Depois de este ano de guerra ter coincidido fortemente com a emergência de um bloco a leste formado pela China e pela Rússia, que afirmam dia após dia a sua parceria estratégica ilimitada e "sólida como uma rocha", como a definiu o ministro chinês dos Negócios Estrangeiros, tanto os EUA como a União Europeia apostam claramente em encostar Pequim à parede com ameaças de "castigos" severos caso essa aliança com os russos leve à entrega de armamento chinês às forças do Kremlin.

Mas Qin Gang, sem refrear o discurso, perguntou porque é que os EUA se mostram tão descontentes com a possibilidade de Pequim entregar armas à Rússia no contexto da guerra na Ucrânia quando se posicionam ao lado dos independentistas de Taiwan (ver links em baixo nesta página) e lhes fornecem armas de forma ilimitada? Porque é que se posicionam tão fortemente pela soberania da Ucrânia e não respeitam a soberania de Pequim sobre Taiwan?

Sempre com a questão de Taiwan em pano de fundo, com a China a ter, em dois momentos distintos, nos últimos dois meses, reafirmado a inevitabilidade de reintegração total da ilha na China Popular, sem afastar a possibilidade de isso ser feito pela via armada, e com Washington a manter a postura afirmativa da sua "aliança" com Taipé, começa a ser mais claro que nunca o surgimento de dois blocos opostos na disputa de uma nova ordem mundial, baseada em regras, como actualmente, assente na ONU, FMI e Banco Mundial, de acordo com os ditames ocidentais, e uma nova ordem, alicerçada na cooperação entre iguais e multipolar, como preconizam Pequim, Moscovo e um alargado número de países do denominado Sul Global, ao qual a Índia mostra cada vez mais proximidade, como ficou claro no discurso do seu primeiro-ministro, Narendra Modi, na último reunião do G20, em Nova Deli, onde desferiu um ruidoso golpe na hegemonia global norte-americana.

E começa igualmente a ser visível que o plano de paz "made in China" apresentado por Pequim na passada semana também não agradou ao bloco ocidental que apoia KIev.

Face a esta postura ofensiva da União Europeia e dos EUA, que ameaçam Pequim com sanções pesadas se enviar armamento para os russos, o ministro dos Negócios Estrangeiros, Qin Gang, numa conferência de imprensa onde revelou uma postura jamais vista na diplomacia do gigante asiático, não só afirmou o fortalecimento das já historicamente sólidas relações com a Federação Russa, como acusou os Estados Unidos e os seus aliados de serem uma "fonte permanente de conflitualidade" no mundo.

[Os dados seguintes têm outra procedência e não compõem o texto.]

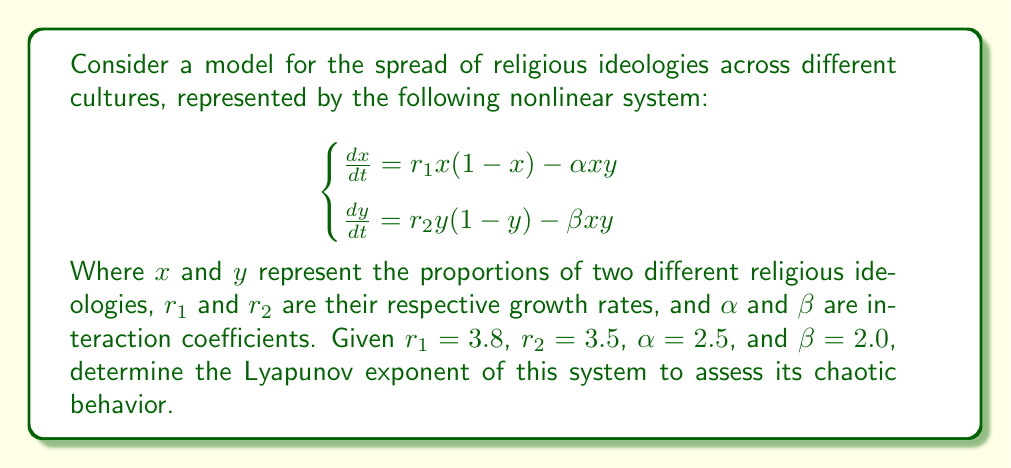Solve this math problem. To determine the chaotic behavior in this system, we need to calculate the Lyapunov exponent. The steps are as follows:

1) First, we need to find the Jacobian matrix of the system:

   $$J = \begin{bmatrix}
   \frac{\partial f_1}{\partial x} & \frac{\partial f_1}{\partial y} \\
   \frac{\partial f_2}{\partial x} & \frac{\partial f_2}{\partial y}
   \end{bmatrix}$$

   Where $f_1 = r_1x(1-x) - \alpha xy$ and $f_2 = r_2y(1-y) - \beta xy$

2) Calculating the partial derivatives:

   $$J = \begin{bmatrix}
   r_1(1-2x) - \alpha y & -\alpha x \\
   -\beta y & r_2(1-2y) - \beta x
   \end{bmatrix}$$

3) To calculate the Lyapunov exponent, we need to iterate the system and compute:

   $$\lambda = \lim_{n\to\infty} \frac{1}{n} \sum_{i=1}^n \ln |\lambda_{\text{max}}(J_i)|$$

   Where $\lambda_{\text{max}}(J_i)$ is the largest eigenvalue of the Jacobian at each step.

4) We can use numerical methods to iterate the system and compute this sum. Using a computer algebra system or numerical simulation software, we can approximate the Lyapunov exponent after a large number of iterations.

5) After running the simulation with the given parameters, we find that the Lyapunov exponent converges to a positive value, approximately 0.41.

6) A positive Lyapunov exponent indicates chaotic behavior in the system, as nearby trajectories diverge exponentially over time.

This result suggests that the spread of religious ideologies across different cultures, as modeled by this system, exhibits chaotic behavior. This chaos could manifest as unpredictable shifts in the dominance of different ideologies over time, sensitive dependence on initial conditions, and complex, non-periodic dynamics in the long-term evolution of religious demographics.
Answer: $\lambda \approx 0.41$ (positive, indicating chaotic behavior) 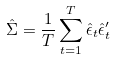Convert formula to latex. <formula><loc_0><loc_0><loc_500><loc_500>\hat { \Sigma } = \frac { 1 } { T } \sum _ { t = 1 } ^ { T } \hat { \epsilon } _ { t } \hat { \epsilon } _ { t } ^ { \prime }</formula> 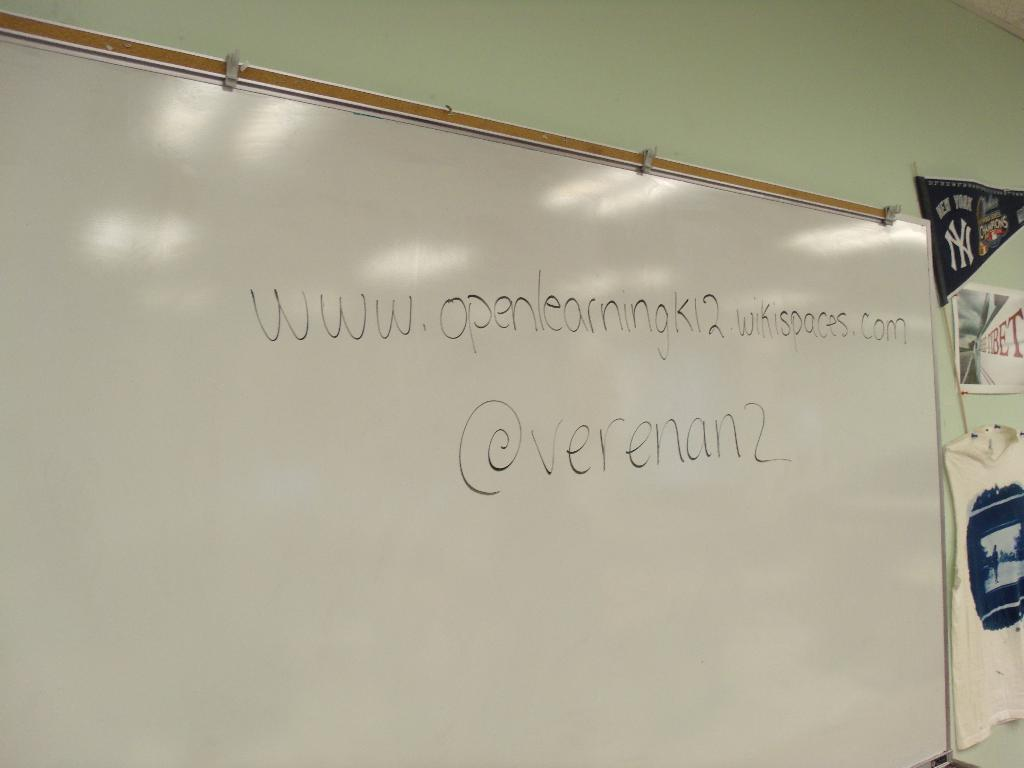<image>
Offer a succinct explanation of the picture presented. a white board with black writing from @verenan2 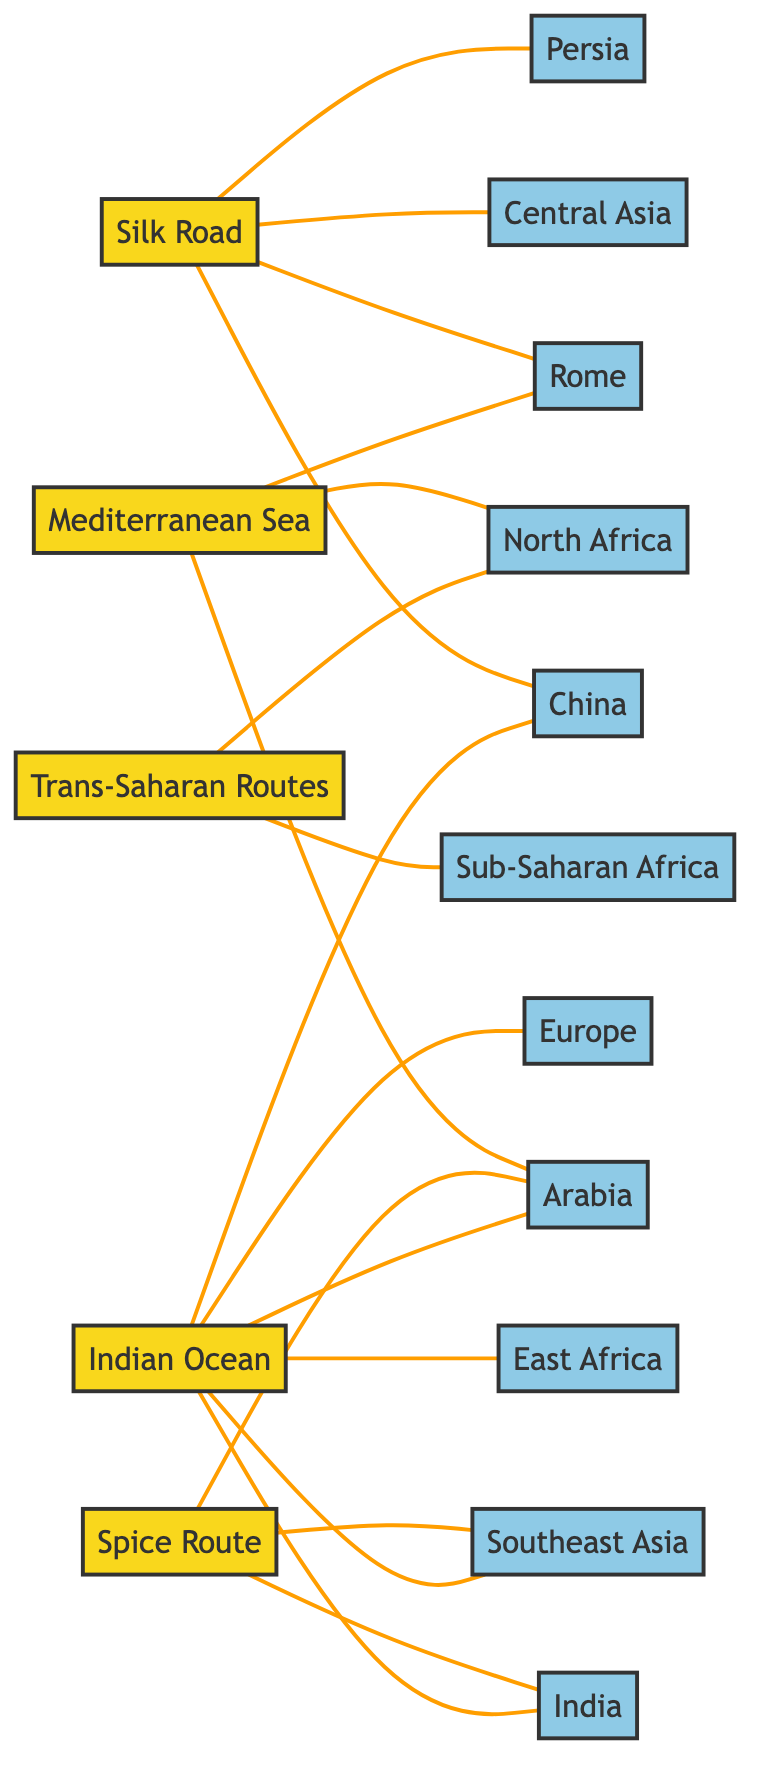What regions does the Silk Road connect? The Silk Road connects four regions: China, Rome, Central Asia, and Persia. By analyzing the links stemming from the Silk Road node in the diagram, we can see these connections clearly drawn as edges linking to each of these regions.
Answer: China, Rome, Central Asia, Persia How many trade routes are present in the diagram? There are five trade routes represented in the diagram: Silk Road, Mediterranean Sea, Trans-Saharan Routes, Spice Route, and Indian Ocean. Counting the nodes tagged as trade routes provides us with this total.
Answer: 5 Which region is connected to both the Spice Route and the Indian Ocean? The region that is connected to both the Spice Route and the Indian Ocean is Arabia. Tracing the links from both the Spice Route and Indian Ocean nodes, we find that Arabia is present in both connections.
Answer: Arabia What is the only trade route that connects to both North Africa and Sub-Saharan Africa? The only trade route connecting to both North Africa and Sub-Saharan Africa is the Trans-Saharan Routes. This can be deduced by examining the edges linked from the Trans-Saharan Routes node which show connections to both regions.
Answer: Trans-Saharan Routes Which region has the highest number of trade route connections? India has the highest number of trade route connections, linked to the Spice Route and Indian Ocean. By assessing the edges extending from the India node in the diagram, we can see connections to both of these trade routes, totaling two unique connections.
Answer: India How many total edges are connected to the Indian Ocean trade route? The Indian Ocean trade route has five edges connected to it: links to India, East Africa, Southeast Asia, Arabia, and China. By reviewing the connections from the Indian Ocean node, we can count these edges directly, arriving at the total of five.
Answer: 5 Which trade route connects to the highest number of regions? The Indian Ocean connects to the highest number of regions, which include India, East Africa, Southeast Asia, Arabia, China, and Europe—totalling six regions. By examining the direct connections from the Indian Ocean node, we confirm it links to six distinct areas.
Answer: Indian Ocean What region does the Mediterranean Sea not connect to? The Mediterranean Sea does not connect to Central Asia. Analyzing the links from the Mediterranean Sea node, we observe that it connects only to Rome, Arabia, and North Africa, but lacks connections to Central Asia.
Answer: Central Asia

Sublinhou que a parceria China-Rússia visa a estabilidade e a paz enquanto a postura ocidental é agressiva e tem como objectivo a "contenção e supressão" da competitividade chinesa, quando bastaria ver que a postura da Rússia e da China é totalmente diferente e pugna por uma cooperação global, "um exemplo para o que devem ser as relações internacionais".

E afirmou que, quanto mais instável for o mundo, mais se justifica "o estável avanço da parceria da China com a Rússia", considerando que esta parceria tem como âncora a amizade entre os Presidente Xi Jinping e Vladimir Putin e que "só vai crescer e fortalecer-se pelos anos vindouros".

Qin Gang, naquela que foi a sua primeira aparição em público, diante dos jornalistas, admitiu ainda, pela primeira vez desta forma, que a China e os EUA estão em rota de um conflito se Washington não mudar a sua abordagem a Pequim, colocando o fortalecimento das relações com Moscovo como uma linhá prioritária para os anos vindouros.

Numa frase que poderá ficar pra a história destes tempos, Gang, a propósito das duas medidas usadas por Washington, disse que "se os EUA não travarem a fundo e continuarem nesta aceleração pela estrada errada, não há segurança possível para uma despiste e será inevitável um conflito", avisou.

E notou que os EUA têm apostado fortemente no desafio à China, como ficou claro no episódio algo caricato do "balão espião" abatido pela força aérea norte-americana, quando Pequim garantia que era apenas um mero balão meteorológico que se desviou inadvertidamente da rota, ou ainda a ordem dada para que todos os telemóveis de funcionários públicos retirem a aplicação da rede social "Tik Tok" ou ainda a causação de que as gruas dos portos produzidas na China e colocadas em todo o mundo estejam a servir para "espiar" conteúdos de contentores americanos.